Retention & Lifecycle
- Automated policies to roll indices to cold storage, compress, or delete after retention windows.
- Compaction and TTL to manage cost.
Scalability & Reliability
- Replication, leader election, and careful resource sizing for indexing nodes.
- Backpressure and retry strategies for ingestion if downstream is slow.
Observability & Security
- Metrics, tracing, and alerting for ingestion rates, indexing lag, and query latencies.
- Authentication, authorization, and encryption in flight/at rest.
Design trade-offs to discuss during interviews:
- Consistency vs. availability for indexing and replication.
- Indexing every field (fast queries) vs. storage and ingestion cost.
- Real-time indexing (lower latency) vs. batching for throughput and cost efficiency.
4) Behavioral interviews — Amazon Leadership Principles
Amazon places heavy weight on Leadership Principles.

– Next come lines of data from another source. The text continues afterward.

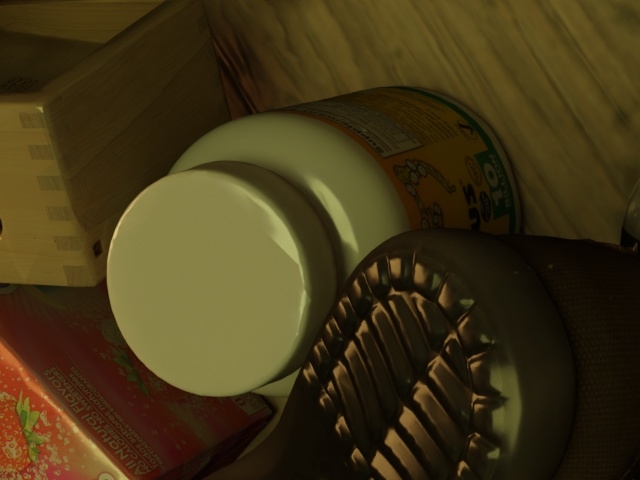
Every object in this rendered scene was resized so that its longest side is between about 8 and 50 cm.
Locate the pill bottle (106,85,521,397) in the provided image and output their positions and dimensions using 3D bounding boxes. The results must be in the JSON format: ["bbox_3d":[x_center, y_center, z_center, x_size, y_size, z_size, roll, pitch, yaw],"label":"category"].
[{"bbox_3d":[0.000,0.000,0.775,0.117,0.208,0.118,4,100,24],"label":"pill bottle"}]

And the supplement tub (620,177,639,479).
[{"bbox_3d":[0.205,0.082,0.704,0.193,0.193,0.316,7,101,24],"label":"supplement tub"}]

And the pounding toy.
[{"bbox_3d":[-0.131,-0.060,0.839,0.181,0.206,0.094,2,118,29],"label":"pounding toy"}]

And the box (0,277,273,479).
[{"bbox_3d":[-0.193,0.044,0.909,0.300,0.142,0.154,46,113,11],"label":"box"}]

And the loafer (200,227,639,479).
[{"bbox_3d":[0.039,0.121,0.705,0.366,0.130,0.134,-55,51,52],"label":"loafer"}]

Interviewers expect concrete stories showing how you applied principles like Customer Obsession, Ownership, Dive Deep, Bias for Action, and Earn Trust.
How to prepare:
- Use the STAR format (Situation, Task, Action, Result) for each story.
- Prepare multiple examples that show impact, technical depth, and collaboration.
- For each principle, have 1–2 stories ready; adapt details to the prompt.
- Be honest about mistakes and highlight what you learned and changed.
Example prompt and approach:
- Prompt: "Tell me about a time you took ownership of a failing project."
- Answer structure: quickly set the scene, quantify the problem (metrics), explain actions taken (technical and people), and close with measurable results and lessons.
Final takeaways & prep checklist
- Balance depth: prepare both technical problem-solving (algorithms, systems, coding) and behavioral stories mapped to Leadership Principles.
- Practice the typical phone-screen pattern: clarify, propose, optimize, implement, and test.
- For system design, practice end-to-end architecture, trade-offs, scaling strategies, and operations concerns.
- Mock interviews: timed coding rounds and design walkthroughs with feedback.
- Communication: narrate your thought process, and ask clarifying questions early.
Good luck! Prepare thoroughly, focus on clear communication, and back your behavioral answers with measurable impact.